Angle between the curves without differentiation $y^2=4(x+1)$ and $x^2=4(y+1)$
Are the two curves, the answer online uses calculus and we have not been taught that.
can this be solved any other way?
Thanks in advance.
 A: The two curves intersect in $\Bbb R^2$ in the two points $P_\pm=(2\pm\sqrt 2, 2\pm\sqrt2)$. Both points are on the line $x=y$. So it is enough to get the angle of the tangent of each parabola in $P_\pm$ with the line $x=y$.
So let us consider first parabola $4(y+1)=x^2$. Its focus is the origin.
Take a look for instance at:
https://en.wikipedia.org/wiki/Parabola
It is also easy to see this algebraically. The squared distance from a point $P=(x,y)$ to the focus $F=(0,0)$ is $x^2+y^2$, and the squared distance from $P$ to the horizontal line $(d)$ given by $y=-2$ (diretrix) is $(y+2)^2$. So the parabola, the geometric locus of all points equally far from $F$ and $(d)$ has the equation $x^2+y^2=(y+2)^2$. This is our parabola.
Using the "optical properties", a ray comming verically from "infinity" to the point $P_\pm$ is reflected (in the "wall of the parabola", i.e. in the tangent in that point to the "wall"), and the reflection passes through the focus. This means that the we know the angle of the tangent in $P_\pm$ at the parabola.
(Arguably, we still have to show this optical property without differential calculus... else this would be a "cheating answer", since we do not use differentiation, but an argument, that may use it. Is this an issue?)
For the other parabola, take a "horizontal rays".
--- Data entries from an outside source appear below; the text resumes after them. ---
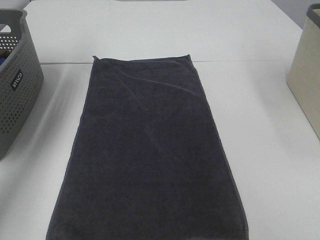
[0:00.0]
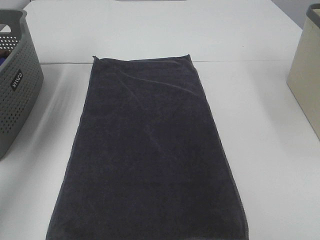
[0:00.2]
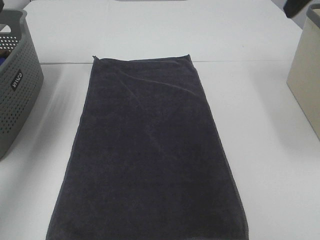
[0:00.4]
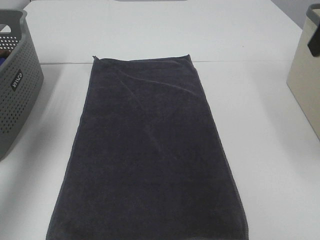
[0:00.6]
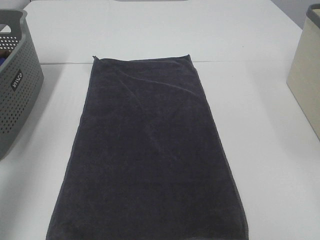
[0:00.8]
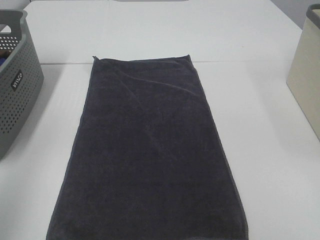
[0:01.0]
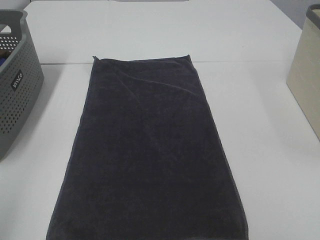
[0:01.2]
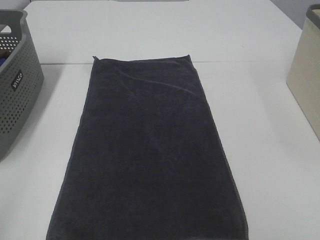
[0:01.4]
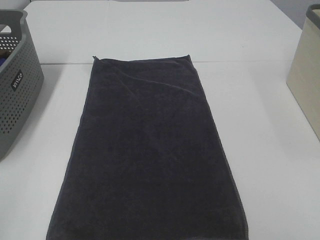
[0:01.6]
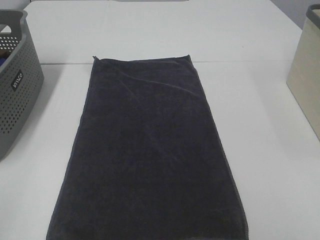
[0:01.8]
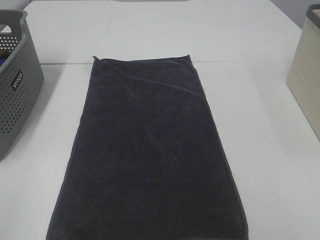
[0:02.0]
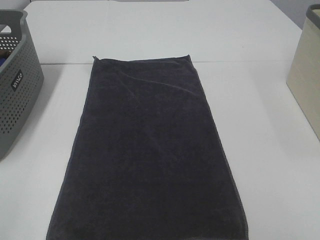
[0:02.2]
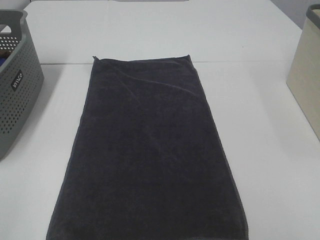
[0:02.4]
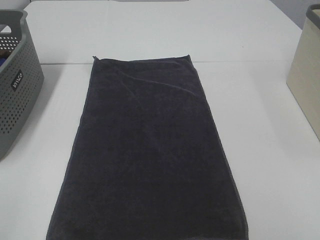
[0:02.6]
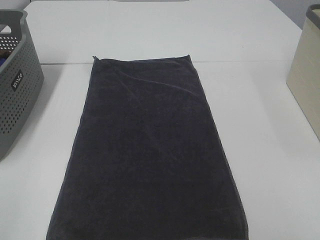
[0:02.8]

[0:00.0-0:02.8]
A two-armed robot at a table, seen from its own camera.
Task of the whole recording: Remove the towel and place it.
0:00.0 to 0:01.4: The left gripper is displaced backward by about 40 cm.

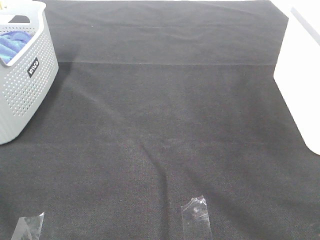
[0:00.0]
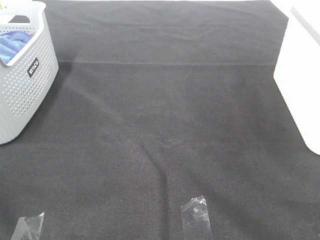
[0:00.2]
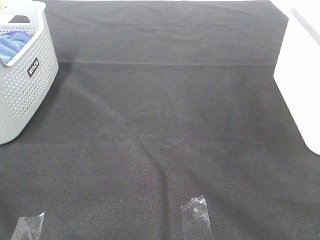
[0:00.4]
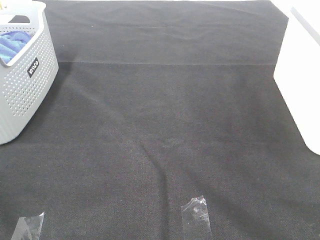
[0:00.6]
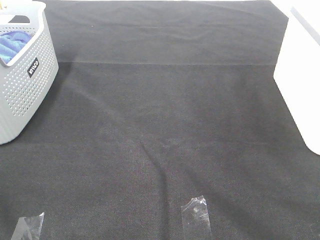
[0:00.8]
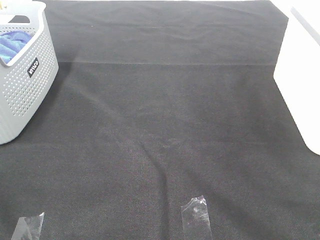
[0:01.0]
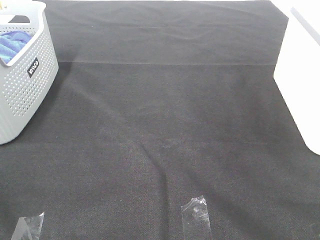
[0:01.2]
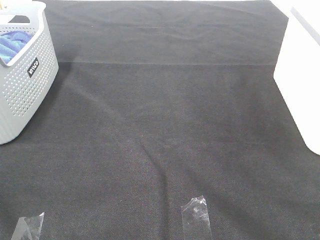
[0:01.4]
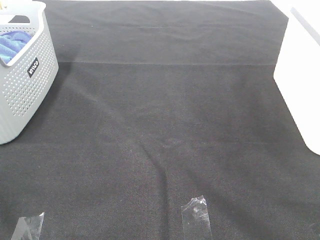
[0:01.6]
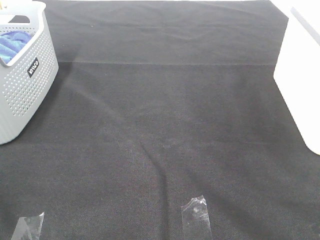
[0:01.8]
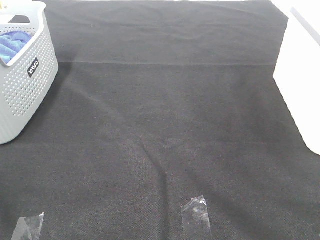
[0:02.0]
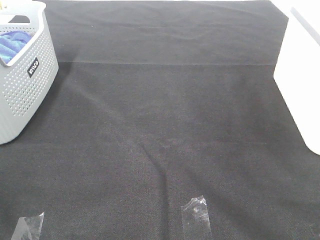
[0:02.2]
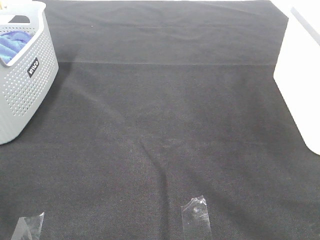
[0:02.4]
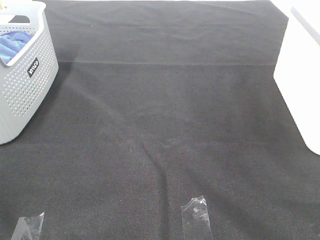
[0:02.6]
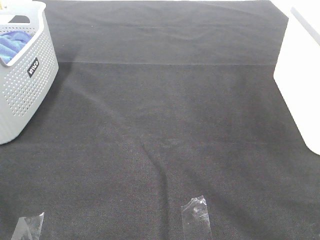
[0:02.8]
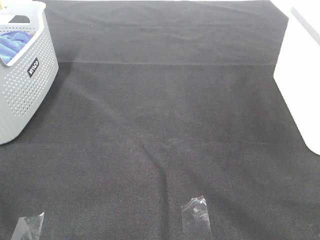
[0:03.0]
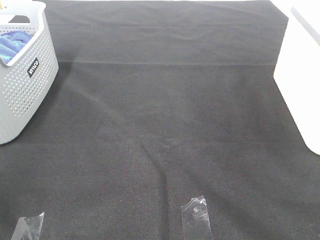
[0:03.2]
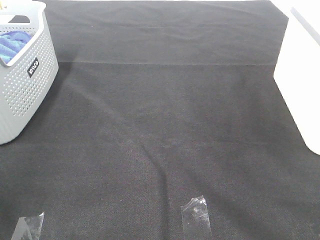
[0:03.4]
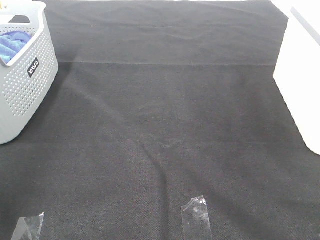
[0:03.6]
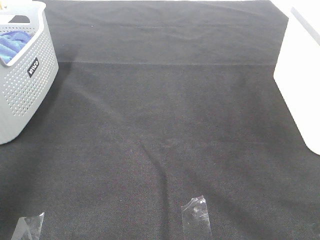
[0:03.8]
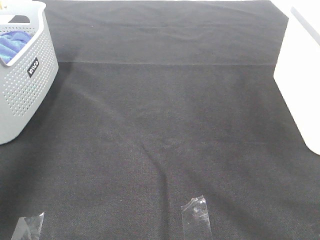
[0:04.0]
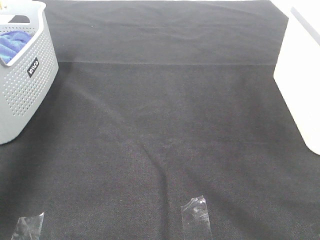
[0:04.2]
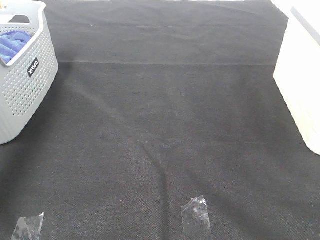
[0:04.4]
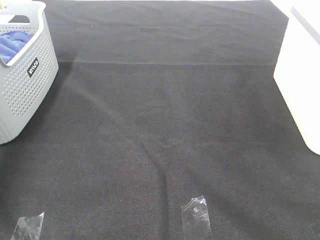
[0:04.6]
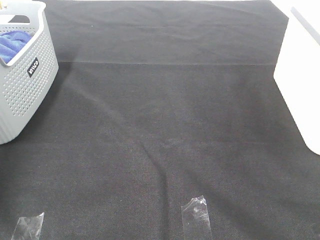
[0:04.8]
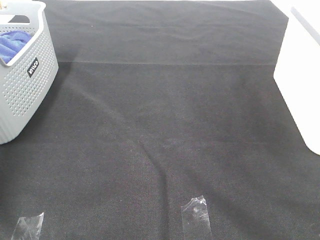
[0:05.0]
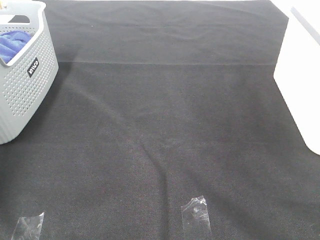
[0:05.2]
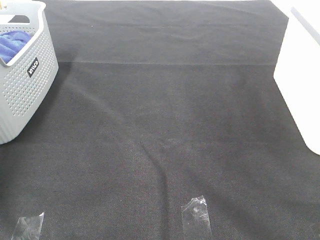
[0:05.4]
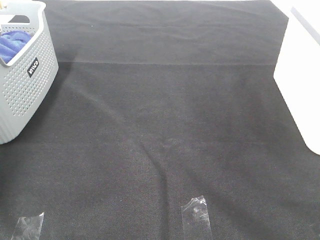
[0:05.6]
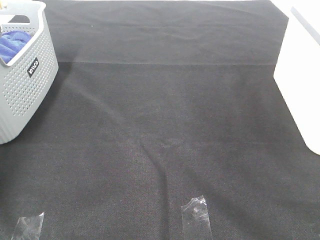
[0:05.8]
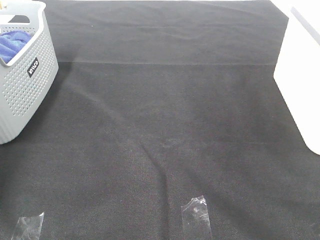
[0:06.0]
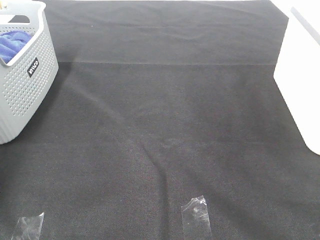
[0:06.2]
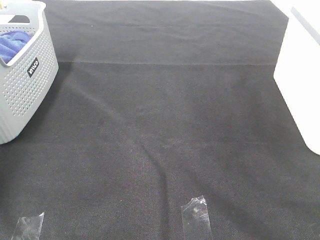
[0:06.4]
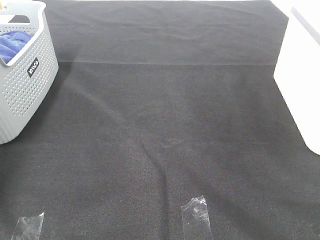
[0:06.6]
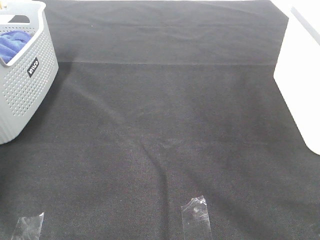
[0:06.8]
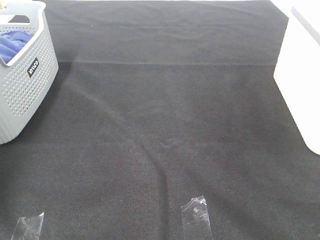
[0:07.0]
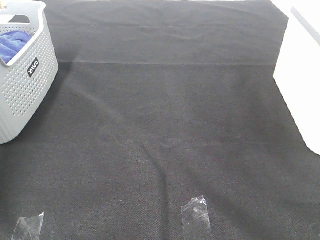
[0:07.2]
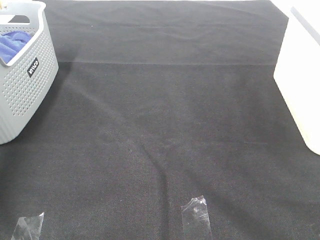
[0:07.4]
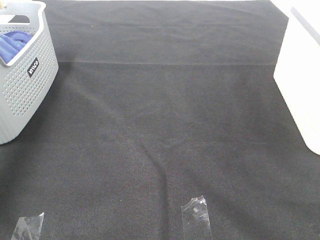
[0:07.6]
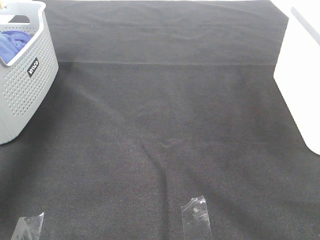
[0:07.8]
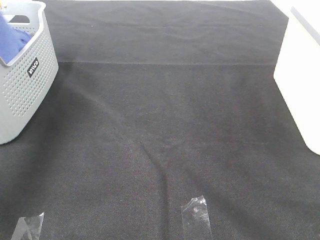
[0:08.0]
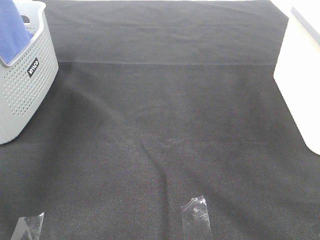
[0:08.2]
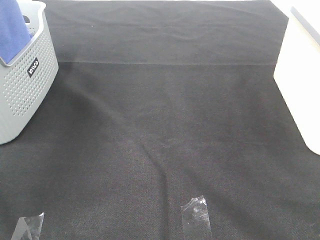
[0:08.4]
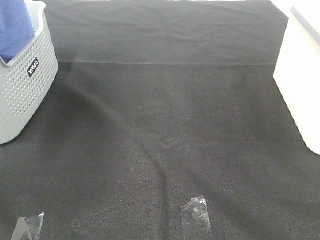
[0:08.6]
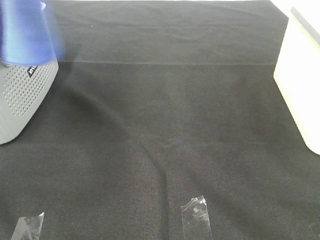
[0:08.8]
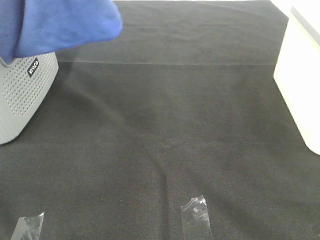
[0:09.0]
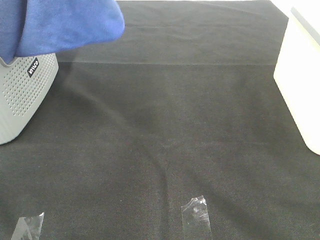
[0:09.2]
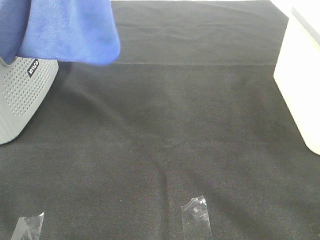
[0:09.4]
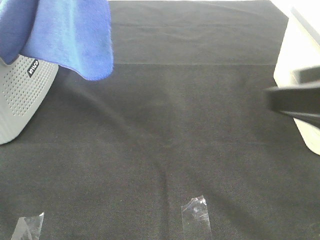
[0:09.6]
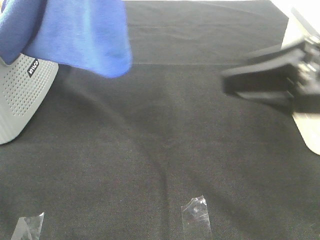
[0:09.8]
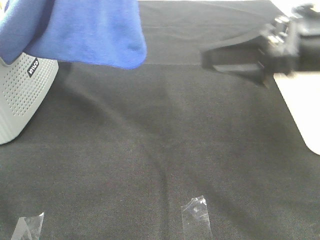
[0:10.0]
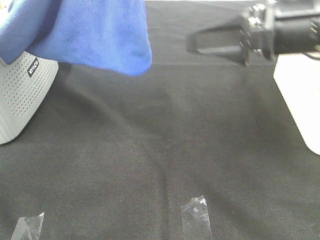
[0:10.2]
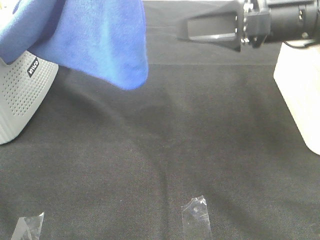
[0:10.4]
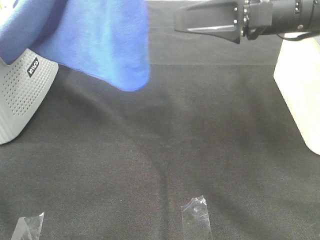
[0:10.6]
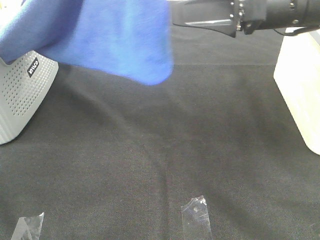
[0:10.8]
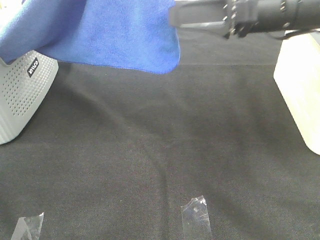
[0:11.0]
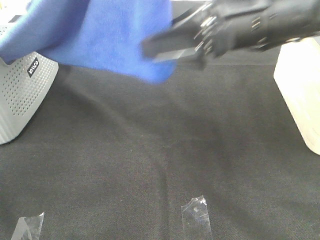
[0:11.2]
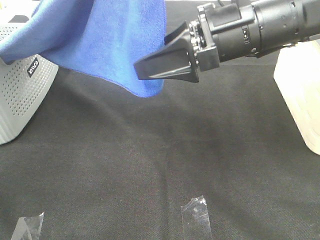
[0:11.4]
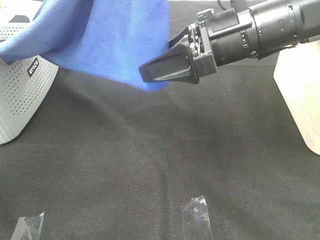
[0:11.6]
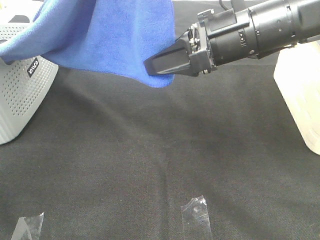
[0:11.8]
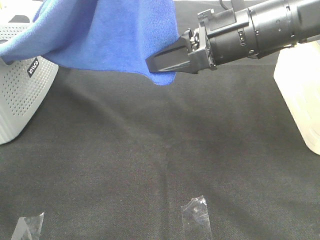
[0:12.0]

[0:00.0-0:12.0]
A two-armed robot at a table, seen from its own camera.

Note: If this is not enough, i will come back with pictures and computations.
A: As we can see the angle between the two curves at point $(2+2\sqrt 2,2+2\sqrt2)$ is twice the angle formed by the tangent and $x$-axis and the line $y=x$.
The tangent has gradient $f'(2+2\sqrt 2)= \sqrt{2}+1$
Thus the angle formed with $x$-axis is $\arctan(\sqrt 2+1)=67.5°$
Less the $45°$ of the angle bisector $y=x$ we see that the curves form an angle
$2(67.5°-45°)=45°$
In a similar way the angle formed by the two curves at the other intersection point is $135°$.

A: Motivation:

*

*Changing solution sets:
Suppose we have a quadratic:
$$ P(x) = ( x-a)(x-b)$$
Suppose I wanted another function for which the roots are square of the polynomial before, then I plug $ g(x) = \sqrt{x}$ into P:
$$ P(g) = ( \sqrt{x} -a ) ( \sqrt{x} - b) \tag{1}$$
So plugging in the inverse function of the desired result we want.
2. Rotations:
Using complex numbers we can find to rotate a number by clockwise ninty degrees we simply need to multiply by $-i$ i.e: if $ z= x+iy$ then rotated clockwise by ninty degree about origin is $-iz = -ix+y$. Hence under rotation of ninty about origin, we have the following map:
$$(x,y) \to (y,-x) \tag{2}$$
3. The actual answer:
Consider your parabola:
$y^2=4(x+1)$
If I wanted to rotate the whole curve by ninty counter clock, I plug in the coordinates with inverse action applied(2) (i.e: ninty clockwise) , this leads to:
$$(-x)^2 = 4(y+1)$$
This gives:
$$x^2 = 4(y+1)$$
Now, if our two curves have an intersection, this this point is uneffected by this rotation and hence it must be that the tangent of the original curve must be rotated by ninty degree. Hence angle between intersection is ninty.
The key idea here is knowing how solution sets of the equation change when you plug in things and rotation and work back your way to the observation about perp tangents
A: Hint.
Calling
$$
\cases{
f(x,y) = y^2-4(x+1)\\
g(x,y) = x^2-4(y+1)
}
$$
we have $f(x,y) = g(y,x)$ then $f(x,y)\cap g(x,y)\in \{x=y\}$ and thus we can determine an intersection point $(x_0,y_0)$. Now the tangent line to $f(x_0,y_0)$ can be determined as follows: calling $y = y_0+m(x-x_0)$ we have that solving for $x$
$$
f(x,y_0+m(x-x_0)) = 0
$$
we will determine the intersections of $y=y_0+m(x-x_0)$ with $f(x,y)=0$. This gives
$$
x^* = \frac{m^2 x_0-m y_0+2\pm 2 \sqrt{m^2 x_0+m^2-m y_0+1}}{m^2}
$$
now as $y=y_0+m(x-x_0)$ is tangent, the intersection should be unique thus
$$
m^2 x_0+m^2-m y_0+1 = 0
$$
and solving for $m$ we get
$$
m_f = \frac{y_0\pm\sqrt{y_0^2-4(x_0+1)}}{2 (x_0+1)} = \frac{y_0}{2(x_0+1)}
$$
because $y_0^2-4(x_0+1)=0$.
Now with the same procedure for $g(x,y_0+m(x-x_0))=0$ we get
$$
m_g = \frac{x_0}{2}
$$
Now having the tangents $(m_f,m_g)$ we can calculate the angles...
NOTE
$m$ should be non null so in case of vertical solutions, the approach should be slightly different.
$$
\tan(\alpha-\beta) = \frac{\tan\alpha-\tan\beta}{1+\tan\alpha\tan\beta} = \frac{m_f-m_g}{1+m_f m_g}
$$
then
$$
\theta_f-\theta_g = \arctan\left(2\frac{y_0-x_0(x_0+1)}{x_0(y_0+4)+4}\right)
$$
A: Write the product of the equations of the parabolas around the intersection points $(2\pm 2\sqrt 2, 2\pm 2\sqrt2):$ $-16[(x-(2\pm 2\sqrt{2}))^2\pm \sqrt{2}(x-(2\pm 2\sqrt{2}))(y-(2\pm 2\sqrt{2}))+(y-(2\pm 2\sqrt{2}))^2]+$ higher order terms, and use the $\tan \theta = {2 \sqrt{h^2-ab} \over a+b},ax^2 + 2hxy + by^2 + 2gx + 2fy + c = 0:$ $$\tan \theta={2 \sqrt{(\sqrt{\pm 2})^2-1} \over 1+1}=1.$$